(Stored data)
[Start of Attachment]

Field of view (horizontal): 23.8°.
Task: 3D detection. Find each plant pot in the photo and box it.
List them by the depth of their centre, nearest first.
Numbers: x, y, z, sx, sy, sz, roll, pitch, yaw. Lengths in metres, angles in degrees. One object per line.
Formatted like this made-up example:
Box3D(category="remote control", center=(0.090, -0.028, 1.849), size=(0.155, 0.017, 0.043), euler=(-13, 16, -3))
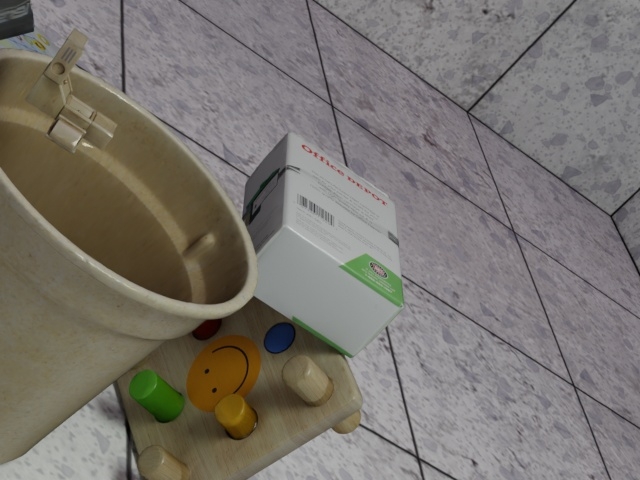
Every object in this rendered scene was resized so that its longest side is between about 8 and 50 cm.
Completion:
Box3D(category="plant pot", center=(-0.284, 0.040, 1.449), size=(0.334, 0.305, 0.334), euler=(37, 23, -19))

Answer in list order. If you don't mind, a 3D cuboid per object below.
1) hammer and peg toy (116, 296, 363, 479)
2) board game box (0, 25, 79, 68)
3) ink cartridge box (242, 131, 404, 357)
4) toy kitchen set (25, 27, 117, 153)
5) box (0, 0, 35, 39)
Box3D(category="hammer and peg toy", center=(-0.112, 0.107, 1.688), size=(0.127, 0.266, 0.361), euler=(49, 13, -46))
Box3D(category="board game box", center=(-0.433, -0.206, 1.928), size=(0.308, 0.086, 0.302), euler=(44, 22, 1))
Box3D(category="ink cartridge box", center=(0.000, 0.000, 1.638), size=(0.160, 0.092, 0.219), euler=(34, 24, -17))
Box3D(category="toy kitchen set", center=(-0.213, -0.128, 1.361), size=(0.083, 0.075, 0.068), euler=(34, 25, -13))
Box3D(category="box", center=(-0.544, -0.358, 1.767), size=(0.318, 0.097, 0.395), euler=(-19, 52, -17))
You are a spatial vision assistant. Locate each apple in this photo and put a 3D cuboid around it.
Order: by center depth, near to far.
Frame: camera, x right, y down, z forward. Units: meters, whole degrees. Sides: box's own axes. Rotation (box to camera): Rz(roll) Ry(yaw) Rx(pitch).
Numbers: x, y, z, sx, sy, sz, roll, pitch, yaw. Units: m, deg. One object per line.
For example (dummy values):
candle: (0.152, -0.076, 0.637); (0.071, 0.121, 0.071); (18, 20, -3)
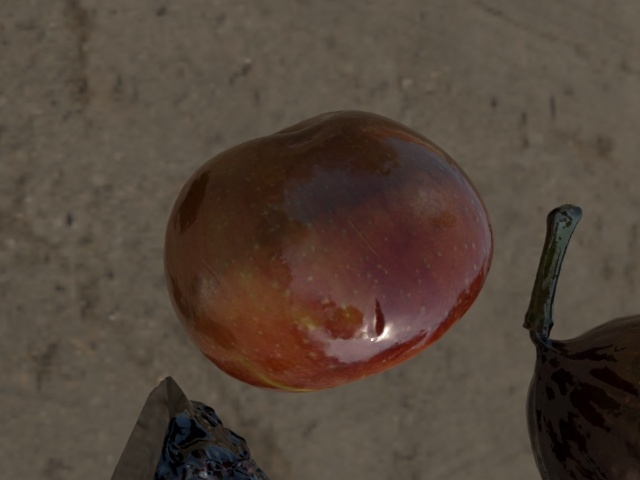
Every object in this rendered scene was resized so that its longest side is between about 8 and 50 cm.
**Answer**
apple: (0.000, 0.000, 0.962); (0.162, 0.201, 0.201); (61, 35, -12)

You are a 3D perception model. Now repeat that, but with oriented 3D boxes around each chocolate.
chocolate: (-0.074, 0.192, 1.071); (0.133, 0.156, 0.156); (24, 59, -14)

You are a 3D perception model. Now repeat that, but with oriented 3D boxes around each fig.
fig: (0.214, 0.125, 1.114); (0.249, 0.204, 0.186); (30, 64, -8)
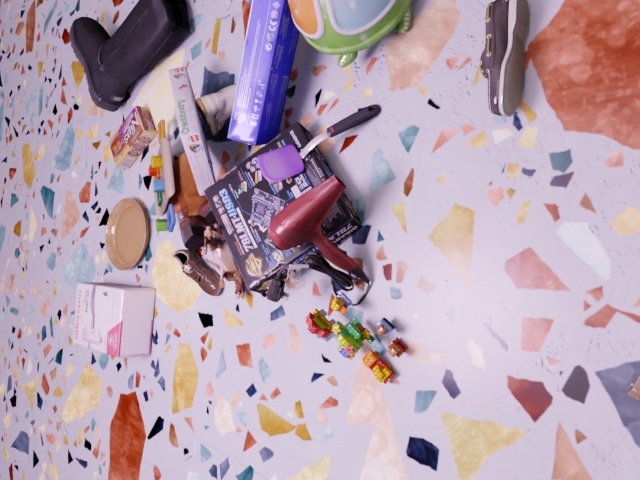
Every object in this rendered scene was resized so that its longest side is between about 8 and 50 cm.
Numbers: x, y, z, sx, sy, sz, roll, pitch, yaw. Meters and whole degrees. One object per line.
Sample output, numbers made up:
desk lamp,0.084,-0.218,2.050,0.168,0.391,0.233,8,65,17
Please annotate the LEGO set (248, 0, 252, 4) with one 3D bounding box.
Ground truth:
LEGO set,-0.120,-0.582,1.357,0.093,0.087,0.228,-20,75,36

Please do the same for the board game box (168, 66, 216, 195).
board game box,-0.333,-0.288,1.406,0.193,0.053,0.305,84,168,-48

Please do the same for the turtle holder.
turtle holder,0.079,-0.532,1.086,0.320,0.227,0.244,-12,69,19

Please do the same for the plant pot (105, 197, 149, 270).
plant pot,-0.623,-0.020,1.753,0.236,0.032,0.237,-4,84,40

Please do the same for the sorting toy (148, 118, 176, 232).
sorting toy,-0.481,-0.187,1.603,0.196,0.047,0.348,-32,64,59

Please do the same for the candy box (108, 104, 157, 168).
candy box,-0.614,-0.335,1.762,0.186,0.053,0.109,-39,63,31

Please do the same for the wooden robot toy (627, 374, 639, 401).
wooden robot toy,0.543,0.231,0.768,0.173,0.076,0.079,21,64,39

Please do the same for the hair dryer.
hair dryer,0.000,0.000,1.127,0.080,0.223,0.294,-106,20,-60

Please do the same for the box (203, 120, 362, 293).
box,-0.096,-0.077,1.252,0.293,0.073,0.296,-35,65,14

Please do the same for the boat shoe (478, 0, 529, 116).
boat shoe,0.326,-0.330,0.976,0.068,0.081,0.228,3,81,42

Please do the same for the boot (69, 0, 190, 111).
boot,-0.618,-0.689,1.732,0.445,0.146,0.367,-33,76,37

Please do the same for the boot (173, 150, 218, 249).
boot,-0.316,-0.155,1.501,0.264,0.096,0.281,-43,53,36

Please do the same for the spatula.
spatula,-0.001,-0.220,1.193,0.296,0.030,0.084,-29,66,9

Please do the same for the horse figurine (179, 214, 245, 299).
horse figurine,-0.238,0.037,1.299,0.066,0.174,0.263,-27,104,3

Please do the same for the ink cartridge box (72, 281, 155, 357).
ink cartridge box,-0.654,0.243,1.697,0.282,0.117,0.208,1,87,39

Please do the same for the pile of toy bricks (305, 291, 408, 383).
pile of toy bricks,0.068,0.198,1.087,0.212,0.105,0.118,42,115,14

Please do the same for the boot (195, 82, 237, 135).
boot,-0.235,-0.355,1.425,0.165,0.213,0.077,-29,89,-7

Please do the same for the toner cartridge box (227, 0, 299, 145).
toner cartridge box,-0.124,-0.403,1.257,0.075,0.165,0.348,16,106,8

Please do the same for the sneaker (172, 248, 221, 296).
sneaker,-0.345,0.090,1.488,0.188,0.071,0.066,40,111,35
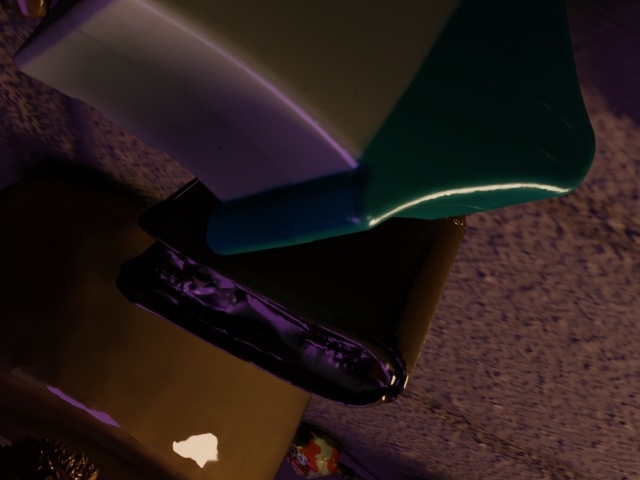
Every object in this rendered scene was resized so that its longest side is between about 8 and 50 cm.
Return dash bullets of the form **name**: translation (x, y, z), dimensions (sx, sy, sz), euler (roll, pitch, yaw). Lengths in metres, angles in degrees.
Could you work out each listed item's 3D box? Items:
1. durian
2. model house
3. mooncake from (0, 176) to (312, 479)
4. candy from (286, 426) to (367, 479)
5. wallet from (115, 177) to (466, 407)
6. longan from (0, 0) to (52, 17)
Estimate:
- **durian**: translation (-0.191, 0.176, 0.841), dimensions (0.110, 0.071, 0.140), euler (19, 136, -15)
- **model house**: translation (0.006, -0.061, 0.383), dimensions (0.149, 0.127, 0.100), euler (40, 158, -18)
- **mooncake**: translation (-0.143, 0.081, 0.882), dimensions (0.284, 0.155, 0.284), euler (25, 157, 11)
- **candy**: translation (0.031, 0.227, 1.182), dimensions (0.184, 0.049, 0.055), euler (38, -171, -40)
- **wallet**: translation (0.000, 0.000, 0.500), dimensions (0.110, 0.031, 0.198), euler (26, -159, 5)
- **longan**: translation (-0.090, -0.134, 0.293), dimensions (0.155, 0.145, 0.176), euler (33, 136, 41)
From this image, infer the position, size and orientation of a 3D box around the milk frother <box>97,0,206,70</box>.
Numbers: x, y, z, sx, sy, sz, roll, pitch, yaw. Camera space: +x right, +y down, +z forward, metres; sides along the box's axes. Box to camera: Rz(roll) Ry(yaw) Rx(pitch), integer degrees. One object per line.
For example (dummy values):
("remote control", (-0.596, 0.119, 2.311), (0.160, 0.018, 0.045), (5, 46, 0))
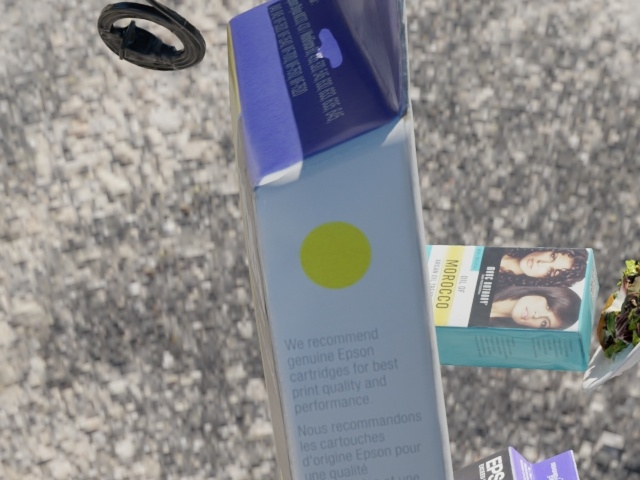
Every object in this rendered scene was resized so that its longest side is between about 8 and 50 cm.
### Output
("milk frother", (-0.084, -0.191, 0.951), (0.129, 0.143, 0.135), (44, 62, -4))

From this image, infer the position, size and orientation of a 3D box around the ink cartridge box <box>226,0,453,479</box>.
("ink cartridge box", (0.000, 0.000, 0.642), (0.072, 0.307, 0.303), (-9, 18, -1))

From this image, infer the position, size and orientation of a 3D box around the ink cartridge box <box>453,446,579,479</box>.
("ink cartridge box", (0.176, 0.302, 1.643), (0.208, 0.045, 0.206), (-26, 23, 12))

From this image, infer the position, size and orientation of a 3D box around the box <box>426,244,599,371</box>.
("box", (0.129, 0.060, 1.458), (0.244, 0.060, 0.101), (1, 50, 19))

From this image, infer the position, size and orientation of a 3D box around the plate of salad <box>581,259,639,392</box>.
("plate of salad", (0.287, 0.050, 1.398), (0.048, 0.200, 0.200), (38, 61, 2))
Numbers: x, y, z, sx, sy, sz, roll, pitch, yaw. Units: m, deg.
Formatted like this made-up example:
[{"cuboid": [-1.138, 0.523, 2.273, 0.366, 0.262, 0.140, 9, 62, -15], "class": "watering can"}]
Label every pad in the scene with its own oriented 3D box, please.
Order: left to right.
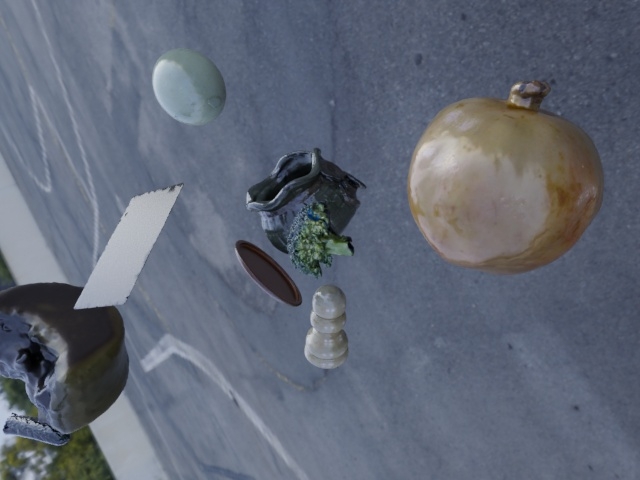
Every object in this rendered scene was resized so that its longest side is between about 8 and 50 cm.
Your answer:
[{"cuboid": [-0.445, 0.013, 1.520, 0.220, 0.330, 0.004, -8, 142, 41], "class": "pad"}]

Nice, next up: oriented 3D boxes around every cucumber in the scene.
[{"cuboid": [-0.767, 0.509, 1.763, 0.245, 0.067, 0.067, -2, 118, 30], "class": "cucumber"}]

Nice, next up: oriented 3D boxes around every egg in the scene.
[{"cuboid": [-0.360, -0.421, 1.782, 0.253, 0.186, 0.186, 47, 153, 28], "class": "egg"}]

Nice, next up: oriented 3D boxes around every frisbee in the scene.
[{"cuboid": [-0.145, 0.092, 1.808, 0.251, 0.021, 0.251, 44, -168, -12], "class": "frisbee"}]

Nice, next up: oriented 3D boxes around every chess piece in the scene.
[{"cuboid": [0.019, 0.243, 1.935, 0.143, 0.143, 0.261, 41, 143, 42], "class": "chess piece"}]

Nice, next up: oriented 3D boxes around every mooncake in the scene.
[{"cuboid": [-0.718, 0.313, 1.743, 0.394, 0.393, 0.246, -107, 20, -49], "class": "mooncake"}]

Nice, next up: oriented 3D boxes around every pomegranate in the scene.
[{"cuboid": [0.375, -0.129, 1.327, 0.411, 0.411, 0.411, 47, 153, 33], "class": "pomegranate"}]

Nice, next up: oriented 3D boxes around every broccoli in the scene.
[{"cuboid": [0.000, 0.000, 1.499, 0.167, 0.160, 0.154, -82, -4, -56], "class": "broccoli"}]

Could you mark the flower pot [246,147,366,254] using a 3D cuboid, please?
[{"cuboid": [-0.037, -0.115, 1.775, 0.213, 0.302, 0.302, 50, 163, -23], "class": "flower pot"}]
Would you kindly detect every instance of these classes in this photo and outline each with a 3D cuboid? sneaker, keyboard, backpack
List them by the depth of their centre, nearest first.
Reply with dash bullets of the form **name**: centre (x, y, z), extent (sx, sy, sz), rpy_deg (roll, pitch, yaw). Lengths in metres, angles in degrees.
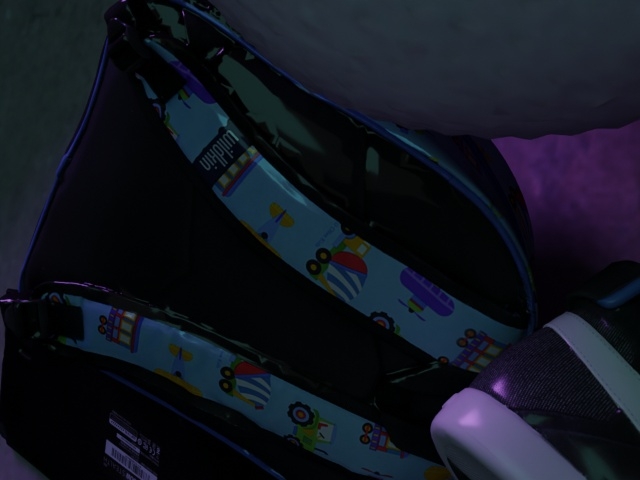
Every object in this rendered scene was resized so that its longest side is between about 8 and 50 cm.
- **sneaker**: centre (0.147, 0.083, 0.551), extent (0.121, 0.079, 0.217), rpy_deg (-43, 70, -13)
- **backpack**: centre (0.000, 0.000, 0.666), extent (0.173, 0.117, 0.158), rpy_deg (32, 121, 12)
- **keyboard**: centre (-0.060, 0.074, 0.766), extent (0.192, 0.038, 0.100), rpy_deg (30, 120, 40)

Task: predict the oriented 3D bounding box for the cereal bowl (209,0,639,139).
- **cereal bowl**: centre (0.119, -0.145, 0.555), extent (0.339, 0.141, 0.339), rpy_deg (-31, 26, 17)
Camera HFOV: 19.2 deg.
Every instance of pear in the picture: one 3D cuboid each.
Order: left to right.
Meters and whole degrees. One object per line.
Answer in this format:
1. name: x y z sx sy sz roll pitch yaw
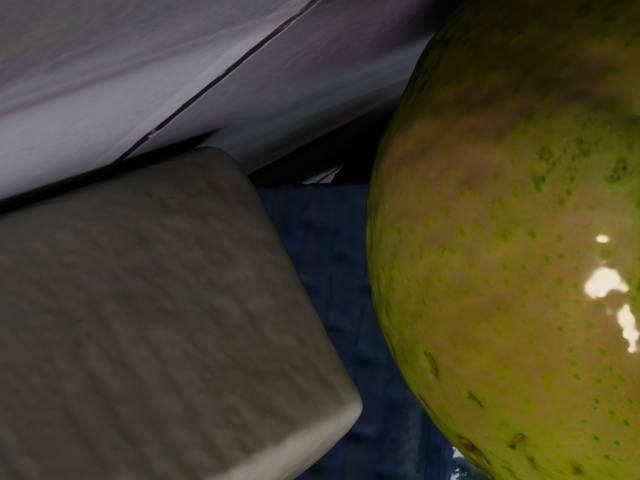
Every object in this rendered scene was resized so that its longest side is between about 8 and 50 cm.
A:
1. pear: 0.204 -0.015 1.025 0.391 0.391 0.391 -27 176 -2

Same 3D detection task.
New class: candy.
1. candy: -0.148 0.085 1.016 0.145 0.208 0.358 -39 169 39

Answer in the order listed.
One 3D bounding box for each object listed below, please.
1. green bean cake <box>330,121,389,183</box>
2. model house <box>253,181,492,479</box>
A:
1. green bean cake: 0.139 -0.063 1.603 0.222 0.125 0.248 -26 176 -25
2. model house: 0.090 0.189 1.448 0.445 0.395 0.400 14 161 -18
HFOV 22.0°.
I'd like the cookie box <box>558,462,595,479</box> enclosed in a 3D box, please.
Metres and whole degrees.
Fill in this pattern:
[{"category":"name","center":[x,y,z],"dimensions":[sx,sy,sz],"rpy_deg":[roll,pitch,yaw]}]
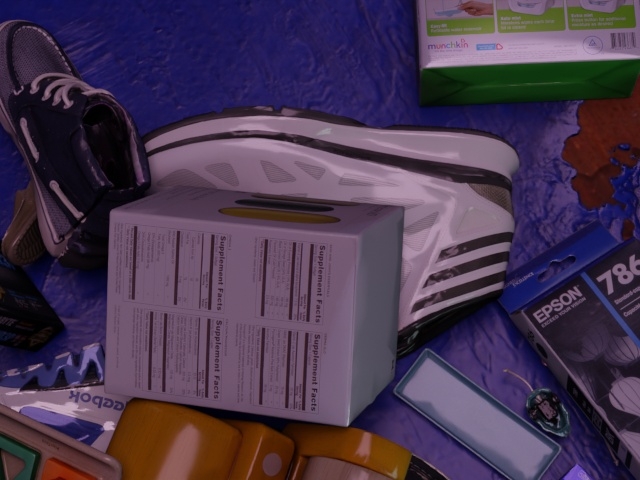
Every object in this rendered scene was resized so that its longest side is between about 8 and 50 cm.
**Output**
[{"category":"cookie box","center":[0.276,0.316,1.814],"dimensions":[0.107,0.040,0.092],"rpy_deg":[-43,77,-11]}]

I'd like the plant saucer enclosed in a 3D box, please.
[{"category":"plant saucer","center":[0.177,0.204,1.865],"dimensions":[0.192,0.018,0.067],"rpy_deg":[36,77,12]}]

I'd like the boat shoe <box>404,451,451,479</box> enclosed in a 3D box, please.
[{"category":"boat shoe","center":[0.129,0.327,1.776],"dimensions":[0.127,0.113,0.340],"rpy_deg":[-40,76,-10]}]

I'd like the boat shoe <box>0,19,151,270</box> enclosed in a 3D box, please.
[{"category":"boat shoe","center":[-0.283,-0.148,1.885],"dimensions":[0.127,0.158,0.341],"rpy_deg":[-7,62,-36]}]

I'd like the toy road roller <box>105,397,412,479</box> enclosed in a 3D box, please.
[{"category":"toy road roller","center":[-0.086,0.270,1.687],"dimensions":[0.240,0.329,0.203],"rpy_deg":[29,72,-30]}]

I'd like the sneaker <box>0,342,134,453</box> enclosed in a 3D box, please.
[{"category":"sneaker","center":[-0.316,0.236,1.809],"dimensions":[0.315,0.127,0.182],"rpy_deg":[-17,71,-6]}]

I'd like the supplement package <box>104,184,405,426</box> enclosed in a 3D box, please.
[{"category":"supplement package","center":[-0.065,0.060,1.724],"dimensions":[0.262,0.199,0.198],"rpy_deg":[6,101,16]}]

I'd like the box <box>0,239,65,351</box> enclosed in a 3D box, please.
[{"category":"box","center":[-0.387,0.036,1.825],"dimensions":[0.051,0.220,0.175],"rpy_deg":[-41,75,4]}]

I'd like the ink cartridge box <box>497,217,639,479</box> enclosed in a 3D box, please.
[{"category":"ink cartridge box","center":[0.342,0.120,1.821],"dimensions":[0.165,0.065,0.333],"rpy_deg":[-33,63,-10]}]

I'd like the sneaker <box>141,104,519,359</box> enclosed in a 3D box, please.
[{"category":"sneaker","center":[0.001,0.000,1.854],"dimensions":[0.447,0.169,0.258],"rpy_deg":[3,71,0]}]

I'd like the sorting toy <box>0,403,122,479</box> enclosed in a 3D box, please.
[{"category":"sorting toy","center":[-0.297,0.280,1.670],"dimensions":[0.347,0.047,0.196],"rpy_deg":[20,105,27]}]

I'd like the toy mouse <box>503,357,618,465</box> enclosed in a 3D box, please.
[{"category":"toy mouse","center":[0.276,0.166,1.866],"dimensions":[0.143,0.031,0.161],"rpy_deg":[10,73,4]}]

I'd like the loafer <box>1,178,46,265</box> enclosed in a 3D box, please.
[{"category":"loafer","center":[-0.336,-0.028,1.921],"dimensions":[0.050,0.056,0.148],"rpy_deg":[7,43,20]}]

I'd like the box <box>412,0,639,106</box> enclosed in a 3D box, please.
[{"category":"box","center":[0.240,-0.293,1.962],"dimensions":[0.262,0.127,0.231],"rpy_deg":[-3,72,1]}]
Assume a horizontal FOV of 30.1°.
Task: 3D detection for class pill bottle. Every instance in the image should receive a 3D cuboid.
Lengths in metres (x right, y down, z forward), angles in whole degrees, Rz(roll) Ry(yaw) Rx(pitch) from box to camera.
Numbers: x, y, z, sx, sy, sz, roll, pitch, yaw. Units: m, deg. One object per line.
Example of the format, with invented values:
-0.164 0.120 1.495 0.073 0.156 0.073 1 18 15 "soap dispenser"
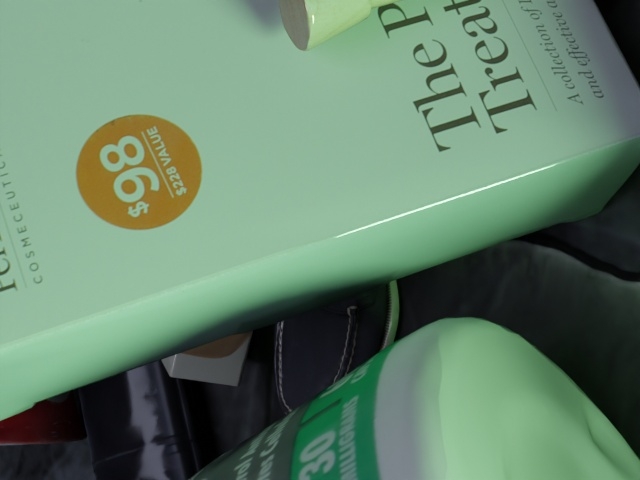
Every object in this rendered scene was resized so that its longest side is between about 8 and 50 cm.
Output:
-0.029 0.205 0.508 0.361 0.204 0.204 -36 67 24 "pill bottle"

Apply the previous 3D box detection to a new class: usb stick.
-0.086 0.181 0.684 0.077 0.045 0.278 -21 76 29 "usb stick"

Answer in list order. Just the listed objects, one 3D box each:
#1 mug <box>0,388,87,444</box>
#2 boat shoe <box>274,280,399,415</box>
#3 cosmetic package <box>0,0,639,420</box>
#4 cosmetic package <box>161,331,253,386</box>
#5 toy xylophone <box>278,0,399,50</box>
-0.189 0.039 0.731 0.150 0.113 0.169 -7 80 45 "mug"
0.000 0.000 0.602 0.075 0.065 0.206 18 101 38 "boat shoe"
-0.067 -0.148 0.529 0.097 0.284 0.377 99 150 -69 "cosmetic package"
-0.056 0.015 0.649 0.060 0.041 0.115 -142 64 -68 "cosmetic package"
0.037 -0.213 0.470 0.236 0.322 0.081 60 161 15 "toy xylophone"
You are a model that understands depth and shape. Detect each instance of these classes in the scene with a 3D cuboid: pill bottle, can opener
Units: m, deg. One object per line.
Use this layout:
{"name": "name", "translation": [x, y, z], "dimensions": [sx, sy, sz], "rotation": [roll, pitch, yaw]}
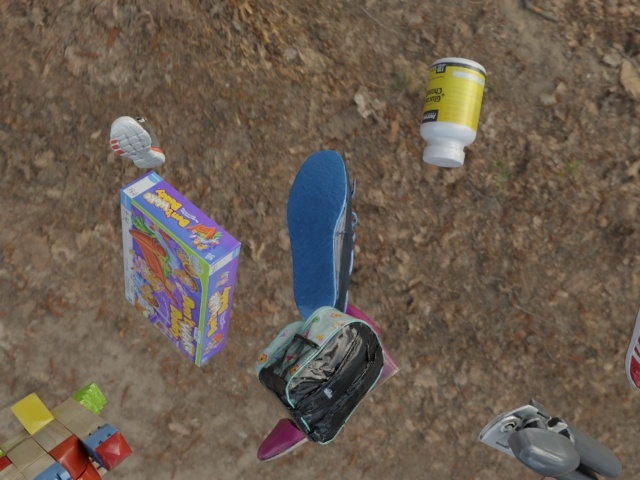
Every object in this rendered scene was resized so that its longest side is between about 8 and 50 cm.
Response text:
{"name": "pill bottle", "translation": [0.240, -0.233, 1.306], "dimensions": [0.103, 0.103, 0.184], "rotation": [12, 84, -19]}
{"name": "can opener", "translation": [0.299, 0.275, 0.878], "dimensions": [0.076, 0.095, 0.283], "rotation": [-42, 130, 19]}

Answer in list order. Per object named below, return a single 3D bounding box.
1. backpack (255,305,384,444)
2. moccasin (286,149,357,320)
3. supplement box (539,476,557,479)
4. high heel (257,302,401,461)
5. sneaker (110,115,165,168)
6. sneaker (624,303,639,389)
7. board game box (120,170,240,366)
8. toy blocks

[End of Attachment]

:: Task objective ::
Would you print exactly the lines from the first line of the entries above through the line that has "euler=(-13, 16, -3))", both included, and stop there?

:: Answer to this task ::
Field of view (horizontal): 23.8°.
Task: 3D detection. Find each plant pot in the photo and box it.
List them by the depth of their centre, nearest first.
Numbers: x, y, z, sx, sy, sz, roll, pitch, yaw. Lengths in metres, angles in degrees. One object per line.
Formatted like this made-up example:
Box3D(category="remote control", center=(0.090, -0.028, 1.849), size=(0.155, 0.017, 0.043), euler=(-13, 16, -3))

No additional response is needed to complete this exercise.